▶ **Problem**:
Below are lines of data, and only some are wanted. Please repeat exactly those from the line that has "text Artikel 3:6" through the line that has "list indien van toepassing, de plattegrond".

▶ **Dataset content**:

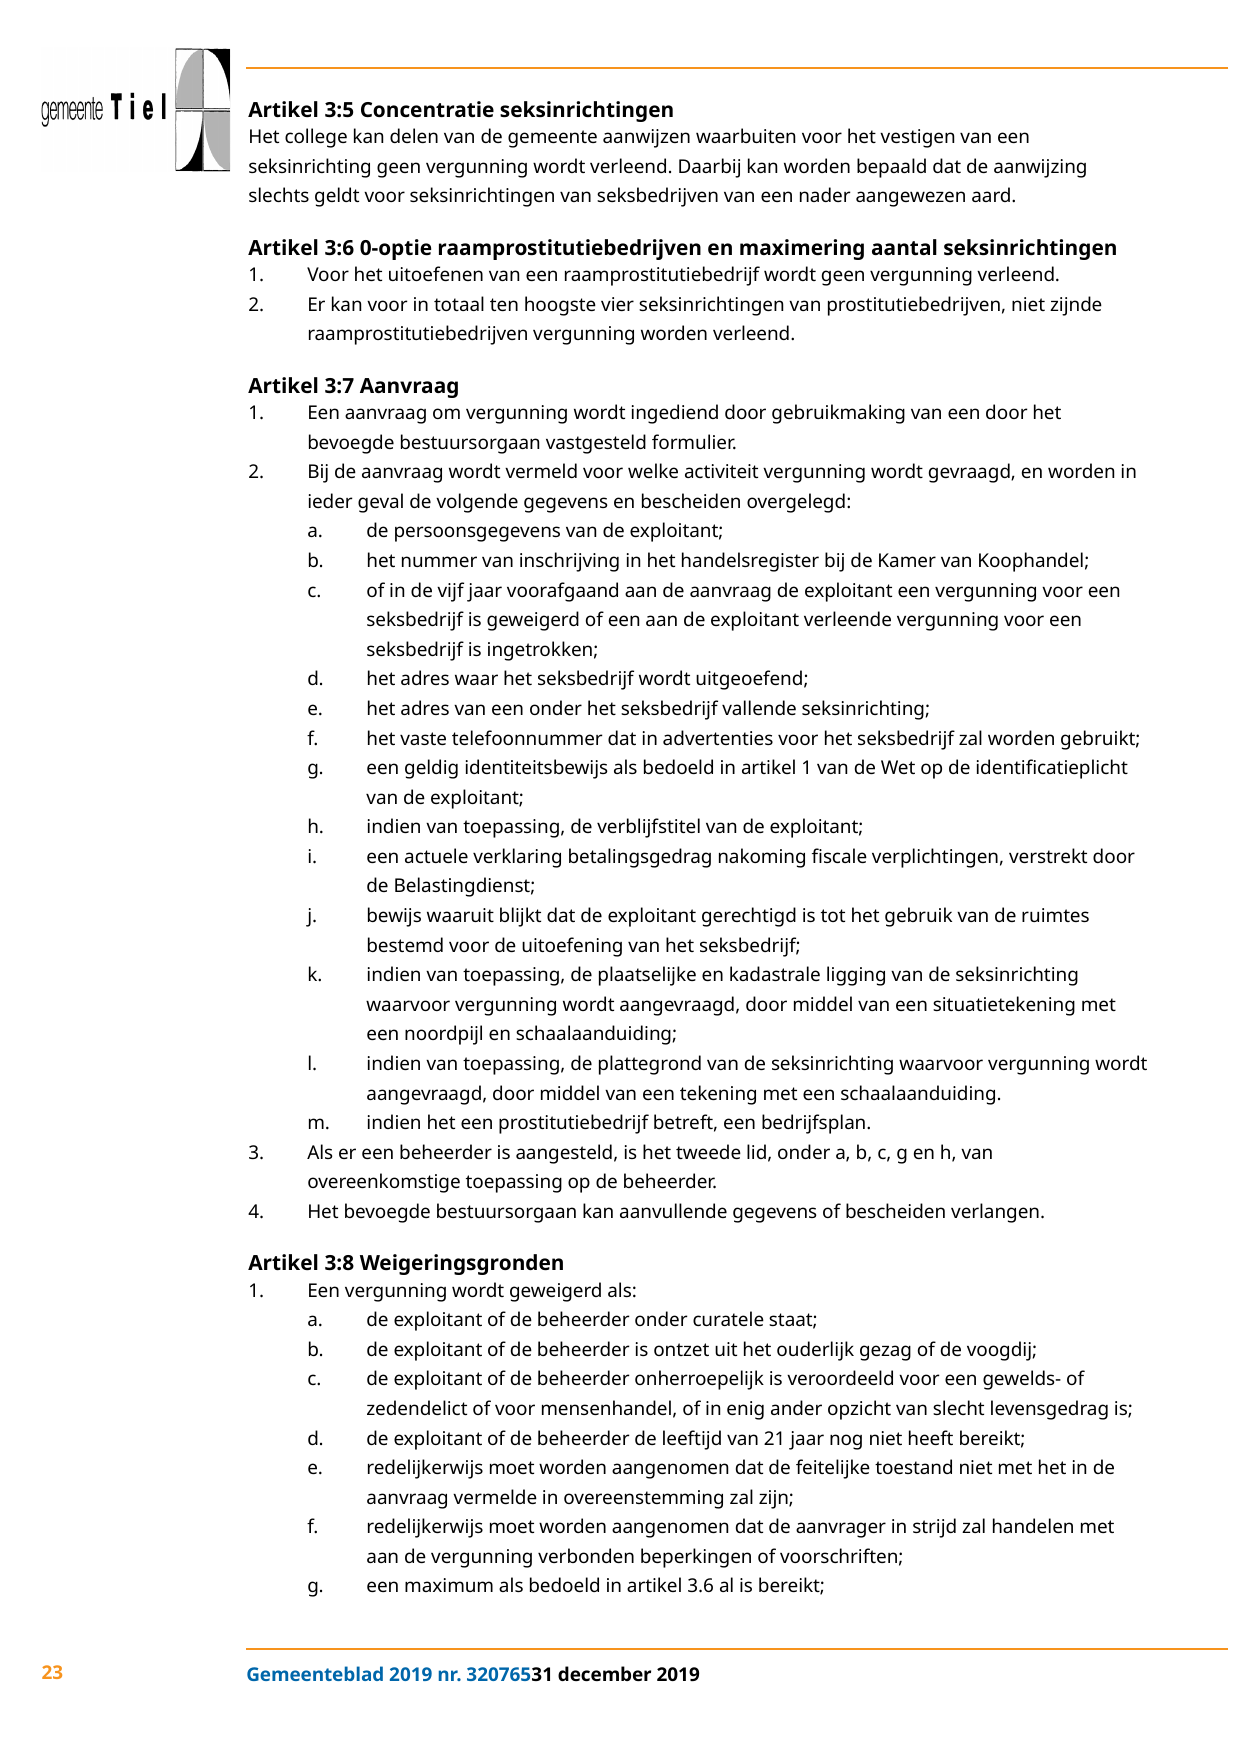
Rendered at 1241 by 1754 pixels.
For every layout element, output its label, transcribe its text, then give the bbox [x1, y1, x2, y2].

list een geldig identiteitsbewijs als bedoeld in artikel 1 van de Wet op de identificatieplicht van de exploitant; [307, 754, 1152, 809]
list Als er een beheerder is aangesteld, is het tweede lid, onder a, b, c, g en h, van overeenkomstige toepassing op de beheerder. [248, 1139, 1152, 1194]
list de persoonsgegevens van de exploitant; [307, 518, 1152, 543]
list of in de vijf jaar voorafgaand aan de aanvraag de exploitant een vergunning voor een seksbedrijf is geweigerd of een aan de exploitant verleende vergunning voor een seksbedrijf is ingetrokken; [307, 577, 1152, 662]
text Artikel 3:7 Aanvraag [248, 371, 1152, 399]
text Artikel 3:8 Weigeringsgronden [248, 1248, 1152, 1277]
list de exploitant of de beheerder de leeftijd van 21 jaar nog niet heeft bereikt; [307, 1425, 1152, 1451]
list Er kan voor in totaal ten hoogste vier seksinrichtingen van prostitutiebedrijven, niet zijnde raamprostitutiebedrijven vergunning worden verleend. [248, 291, 1152, 346]
list Een aanvraag om vergunning wordt ingediend door gebruikmaking van een door het bevoegde bestuursorgaan vastgesteld formulier. [248, 399, 1152, 454]
list het nummer van inschrijving in het handelsregister bij de Kamer van Koophandel; [307, 547, 1152, 573]
list bewijs waaruit blijkt dat de exploitant gerechtigd is tot het gebruik van de ruimtes bestemd voor de uitoefening van het seksbedrijf; [307, 902, 1152, 957]
list het adres waar het seksbedrijf wordt uitgeoefend; [307, 666, 1152, 691]
list de exploitant of de beheerder onder curatele staat; [307, 1306, 1152, 1332]
list de exploitant of de beheerder is ontzet uit het ouderlijk gezag of de voogdij; [307, 1336, 1152, 1362]
list Een vergunning wordt geweigerd als: [248, 1277, 1152, 1303]
list indien van toepassing, de plaatselijke en kadastrale ligging van de seksinrichting waarvoor vergunning wordt aangevraagd, door middel van een situatietekening met een noordpijl en schaalaanduiding; [307, 961, 1152, 1046]
list Bij de aanvraag wordt vermeld voor welke activiteit vergunning wordt gevraagd, en worden in ieder geval de volgende gegevens en bescheiden overgelegd: [248, 458, 1152, 514]
list een maximum als bedoeld in artikel 3.6 al is bereikt; [307, 1573, 1152, 1598]
text Artikel 3:5 Concentratie seksinrichtingen [248, 95, 1152, 123]
list redelijkerwijs moet worden aangenomen dat de feitelijke toestand niet met het in de aanvraag vermelde in overeenstemming zal zijn; [307, 1454, 1152, 1510]
list Voor het uitoefenen van een raamprostitutiebedrijf wordt geen vergunning verleend. [248, 261, 1152, 287]
list indien van toepassing, de verblijfstitel van de exploitant; [307, 813, 1152, 839]
text Het college kan delen van de gemeente aanwijzen waarbuiten voor het vestigen van een seksinrichting geen vergunning wordt verleend. Daarbij kan worden bepaald dat de aanwijzing slechts geldt voor seksinrichtingen van seksbedrijven van een nader aangewezen aard. [248, 123, 1152, 208]
list een actuele verklaring betalingsgedrag nakoming fiscale verplichtingen, verstrekt door de Belastingdienst; [307, 843, 1152, 898]
list de exploitant of de beheerder onherroepelijk is veroordeeld voor een gewelds- of zedendelict of voor mensenhandel, of in enig ander opzicht van slecht levensgedrag is; [307, 1366, 1152, 1421]
list Het bevoegde bestuursorgaan kan aanvullende gegevens of bescheiden verlangen. [248, 1198, 1152, 1224]
list het vaste telefoonnummer dat in advertenties voor het seksbedrijf zal worden gebruikt; [307, 725, 1152, 750]
list indien het een prostitutiebedrijf betreft, een bedrijfsplan. [307, 1109, 1152, 1135]
picture [41, 47, 231, 172]
list het adres van een onder het seksbedrijf vallende seksinrichting; [307, 695, 1152, 721]
text Artikel 3:6 0-optie raamprostitutiebedrijven en maximering aantal seksinrichtingen [248, 233, 1152, 261]
list indien van toepassing, de plattegrond van de seksinrichting waarvoor vergunning wordt aangevraagd, door middel van een tekening met een schaalaanduiding. [307, 1050, 1152, 1105]
list redelijkerwijs moet worden aangenomen dat de aanvrager in strijd zal handelen met aan de vergunning verbonden beperkingen of voorschriften; [307, 1513, 1152, 1569]
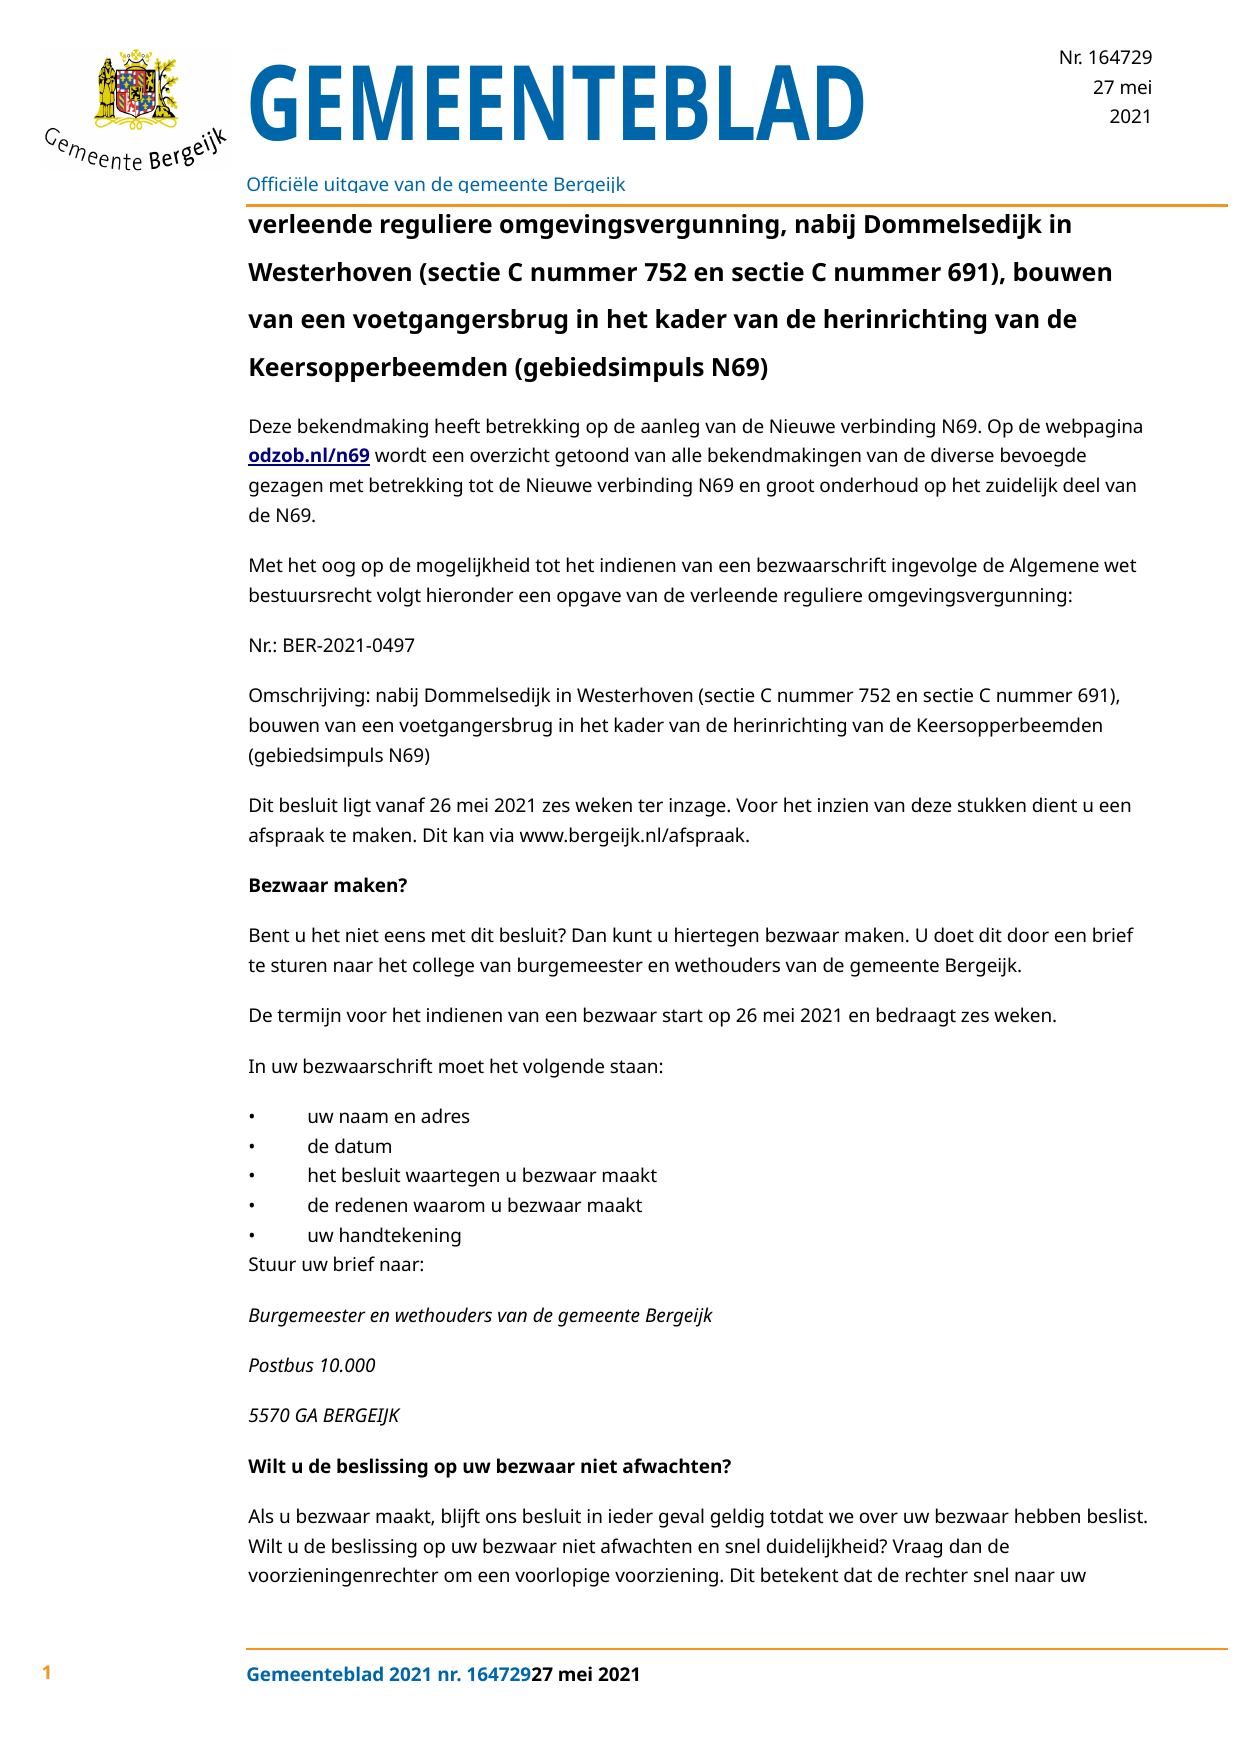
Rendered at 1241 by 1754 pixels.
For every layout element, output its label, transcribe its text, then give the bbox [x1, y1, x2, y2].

text verleende reguliere omgevingsvergunning, nabij Dommelsedijk in Westerhoven (sectie C nummer 752 en sectie C nummer 691), bouwen van een voetgangersbrug in het kader van de herinrichting van de Keersopperbeemden (gebiedsimpuls N69) [248, 207, 1152, 384]
picture [41, 47, 231, 172]
text Met het oog op de mogelijkheid tot het indienen van een bezwaarschrift ingevolge de Algemene wet bestuursrecht volgt hieronder een opgave van de verleende reguliere omgevingsvergunning: [248, 552, 1152, 608]
text In uw bezwaarschrift moet het volgende staan: [248, 1053, 1152, 1079]
text Omschrijving: nabij Dommelsedijk in Westerhoven (sectie C nummer 752 en sectie C nummer 691), bouwen van een voetgangersbrug in het kader van de herinrichting van de Keersopperbeemden (gebiedsimpuls N69) [248, 683, 1152, 768]
text Nr.: BER-2021-0497 [248, 632, 1152, 658]
list de datum [248, 1133, 1152, 1159]
list het besluit waartegen u bezwaar maakt [248, 1163, 1152, 1188]
text Wilt u de beslissing op uw bezwaar niet afwachten? [248, 1453, 1152, 1479]
text Als u bezwaar maakt, blijft ons besluit in ieder geval geldig totdat we over uw bezwaar hebben beslist. Wilt u de beslissing op uw bezwaar niet afwachten en snel duidelijkheid? Vraag dan de voorzieningenrechter om een voorlopige voorziening. Dit betekent dat de rechter snel naar uw [248, 1503, 1152, 1588]
text Bent u het niet eens met dit besluit? Dan kunt u hiertegen bezwaar maken. U doet dit door een brief te sturen naar het college van burgemeester en wethouders van de gemeente Bergeijk. [248, 923, 1152, 978]
text Dit besluit ligt vanaf 26 mei 2021 zes weken ter inzage. Voor het inzien van deze stukken dient u een afspraak te maken. Dit kan via www.bergeijk.nl/afspraak. [248, 792, 1152, 848]
text Burgemeester en wethouders van de gemeente Bergeijk [248, 1302, 1152, 1328]
list de redenen waarom u bezwaar maakt [248, 1192, 1152, 1218]
list uw handtekening [248, 1222, 1152, 1248]
text Bezwaar maken? [248, 872, 1152, 898]
list uw naam en adres [248, 1103, 1152, 1129]
text Deze bekendmaking heeft betrekking op de aanleg van de Nieuwe verbinding N69. Op de webpagina odzob.nl/n69 wordt een overzicht getoond van alle bekendmakingen van de diverse bevoegde gezagen met betrekking tot de Nieuwe verbinding N69 en groot onderhoud op het zuidelijk deel van de N69. [248, 413, 1152, 528]
text Postbus 10.000 [248, 1352, 1152, 1378]
text De termijn voor het indienen van een bezwaar start op 26 mei 2021 en bedraagt zes weken. [248, 1003, 1152, 1028]
text Stuur uw brief naar: [248, 1251, 1152, 1277]
text 5570 GA BERGEIJK [248, 1403, 1152, 1428]

▶ **Exercise result**:
text Artikel 3:6 0-optie raamprostitutiebedrijven en maximering aantal seksinrichtingen [248, 233, 1152, 261]
list indien van toepassing, de plattegrond van de seksinrichting waarvoor vergunning wordt aangevraagd, door middel van een tekening met een schaalaanduiding. [307, 1050, 1152, 1105]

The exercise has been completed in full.